# Pictures of Mocha *updated* w/ LOTS of pics!



## CuteHedgieGirl (Aug 28, 2009)

This is Mocha, she is my new baby. 

Posing with the flowers 









Look at those ears! :shock: 









Sittin in my hand  









Just walking around









I really like this picture! She looks so little and cute in it









Hidey face :| 









Grumpy face :x 









Walkin around on her hedgie bag









She likes me!









adorable









another cute pic









Ok, no more pictures.









"Leave me alone..." -Mocha 









Hope you enjoyed them


----------



## Ahava (Mar 25, 2009)

*Re: So...This is my new girl  ... *

awes what a sweet little girl. I hope everything will be okay with Mocha. Stay happy hunny!


----------



## Snickers Mom (Aug 31, 2009)

*Re: So...This is my new girl  ... *

AWEE. She is adorable. Good luck with this one I hope she makes you super happy.


----------



## hedgewawa (Apr 25, 2009)

*Re: So...This is my new girl  ... *

Best of luck to you and you girl Mocha. She is very cute. I know that Mocha will ease your heart.


----------



## CuteHedgieGirl (Aug 28, 2009)

NEW PICS!


----------



## Vortex (Aug 28, 2008)

awwww how cute!!! <3 shes beautiful


----------



## shetland (Sep 2, 2008)

What a beautiful little girl!
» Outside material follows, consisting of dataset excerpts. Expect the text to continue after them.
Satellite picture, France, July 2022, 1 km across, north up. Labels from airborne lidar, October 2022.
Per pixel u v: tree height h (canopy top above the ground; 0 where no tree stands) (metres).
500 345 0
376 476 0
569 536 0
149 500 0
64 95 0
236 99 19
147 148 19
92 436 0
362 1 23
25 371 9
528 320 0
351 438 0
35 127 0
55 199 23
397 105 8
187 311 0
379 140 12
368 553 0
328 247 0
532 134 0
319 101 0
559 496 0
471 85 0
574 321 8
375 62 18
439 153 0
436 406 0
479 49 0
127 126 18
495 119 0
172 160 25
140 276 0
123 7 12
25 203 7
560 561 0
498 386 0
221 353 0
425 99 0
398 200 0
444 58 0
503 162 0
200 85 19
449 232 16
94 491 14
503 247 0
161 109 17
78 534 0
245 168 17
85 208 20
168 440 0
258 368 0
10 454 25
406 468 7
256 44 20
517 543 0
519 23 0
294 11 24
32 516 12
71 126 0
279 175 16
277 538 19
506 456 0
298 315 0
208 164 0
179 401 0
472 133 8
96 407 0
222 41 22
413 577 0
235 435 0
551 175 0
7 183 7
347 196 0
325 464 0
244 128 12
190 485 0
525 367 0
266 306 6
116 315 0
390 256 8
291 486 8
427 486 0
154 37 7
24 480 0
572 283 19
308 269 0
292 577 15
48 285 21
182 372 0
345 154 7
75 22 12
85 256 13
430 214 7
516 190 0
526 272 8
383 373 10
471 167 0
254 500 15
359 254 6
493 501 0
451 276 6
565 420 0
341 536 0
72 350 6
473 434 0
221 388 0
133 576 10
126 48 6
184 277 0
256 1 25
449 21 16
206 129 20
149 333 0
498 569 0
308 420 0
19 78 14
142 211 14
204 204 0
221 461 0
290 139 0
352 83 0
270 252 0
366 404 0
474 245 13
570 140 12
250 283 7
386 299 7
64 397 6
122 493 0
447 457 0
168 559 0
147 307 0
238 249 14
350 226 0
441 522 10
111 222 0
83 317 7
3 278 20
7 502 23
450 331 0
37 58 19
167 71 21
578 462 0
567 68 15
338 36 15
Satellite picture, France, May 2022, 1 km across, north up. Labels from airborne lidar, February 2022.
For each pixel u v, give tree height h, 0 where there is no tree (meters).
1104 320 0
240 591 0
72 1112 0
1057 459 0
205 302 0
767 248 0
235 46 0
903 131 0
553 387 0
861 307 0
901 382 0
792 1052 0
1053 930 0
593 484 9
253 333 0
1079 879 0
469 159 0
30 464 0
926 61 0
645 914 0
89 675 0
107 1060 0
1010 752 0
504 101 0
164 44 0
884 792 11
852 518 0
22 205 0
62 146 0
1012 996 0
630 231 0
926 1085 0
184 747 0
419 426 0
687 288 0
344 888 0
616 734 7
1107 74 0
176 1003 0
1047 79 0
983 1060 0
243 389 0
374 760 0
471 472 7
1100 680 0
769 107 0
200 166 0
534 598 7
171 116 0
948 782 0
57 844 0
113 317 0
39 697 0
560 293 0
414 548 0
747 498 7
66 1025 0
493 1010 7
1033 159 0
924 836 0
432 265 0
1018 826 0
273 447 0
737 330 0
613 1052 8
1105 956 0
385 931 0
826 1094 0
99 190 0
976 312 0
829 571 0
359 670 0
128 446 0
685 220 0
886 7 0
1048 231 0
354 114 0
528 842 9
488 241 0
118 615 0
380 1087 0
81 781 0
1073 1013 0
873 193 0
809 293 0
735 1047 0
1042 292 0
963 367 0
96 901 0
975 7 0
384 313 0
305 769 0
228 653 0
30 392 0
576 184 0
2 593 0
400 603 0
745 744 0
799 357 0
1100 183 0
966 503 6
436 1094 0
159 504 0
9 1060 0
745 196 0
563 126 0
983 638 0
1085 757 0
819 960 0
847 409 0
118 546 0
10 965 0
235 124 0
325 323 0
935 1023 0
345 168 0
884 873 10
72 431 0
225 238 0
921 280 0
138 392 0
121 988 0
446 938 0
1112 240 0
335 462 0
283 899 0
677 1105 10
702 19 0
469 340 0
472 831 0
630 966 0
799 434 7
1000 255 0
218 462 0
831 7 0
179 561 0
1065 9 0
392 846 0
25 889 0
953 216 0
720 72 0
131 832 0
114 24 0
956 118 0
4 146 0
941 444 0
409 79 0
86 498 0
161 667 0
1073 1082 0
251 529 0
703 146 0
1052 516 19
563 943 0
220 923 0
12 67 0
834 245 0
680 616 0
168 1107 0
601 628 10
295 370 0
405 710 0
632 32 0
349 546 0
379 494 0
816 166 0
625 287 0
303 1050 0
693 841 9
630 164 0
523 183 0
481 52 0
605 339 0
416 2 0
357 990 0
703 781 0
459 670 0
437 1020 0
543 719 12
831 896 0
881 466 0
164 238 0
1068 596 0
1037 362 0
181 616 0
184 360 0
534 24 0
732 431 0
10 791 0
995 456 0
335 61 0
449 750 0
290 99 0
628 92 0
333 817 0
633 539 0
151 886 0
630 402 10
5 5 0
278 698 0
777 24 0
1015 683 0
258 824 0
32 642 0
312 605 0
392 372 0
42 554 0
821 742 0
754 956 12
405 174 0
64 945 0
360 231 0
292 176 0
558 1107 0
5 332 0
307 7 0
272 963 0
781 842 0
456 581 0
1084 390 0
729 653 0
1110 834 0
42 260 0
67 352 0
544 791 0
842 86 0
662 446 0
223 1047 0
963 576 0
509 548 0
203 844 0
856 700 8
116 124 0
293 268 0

I know her sweetness will help you to heal.


----------



## lane_m (May 20, 2009)

That hedgehog is adorable  

I love her markings.


----------



## FiaSpice (Jan 16, 2009)

She's so lovely and I love her markings


----------



## Shelbys Mom (Mar 27, 2009)

She is adorable!
Looks like she might be a chocolate pinto!
Or as I call my little chocolate pinto a little Cocoa Bean!

In which case Mocha seems to be the perfect name for her.


----------



## AAdict (May 2, 2009)

gorgeous pinto girlie  congrats (and very sorry to read about Latte)


----------



## CuteHedgieGirl (Aug 28, 2009)

LOTS of new pics added to the additional new pics 

they are added to the top of the list!


----------



## Pipkin (Aug 26, 2009)

She is just gorgeous  a lovely colour, love her little blotch of white quills.

Sorry about Latte aswel  bet you were devastated. So young aswel. Shes up in Hedgie heaven now though god bless her.


----------



## shetland (Sep 2, 2008)

I really like the captions!!!!!!!!!!!


----------



## Nancy (Aug 22, 2008)

She is gorgeous and looks like a wonderful little girl.


----------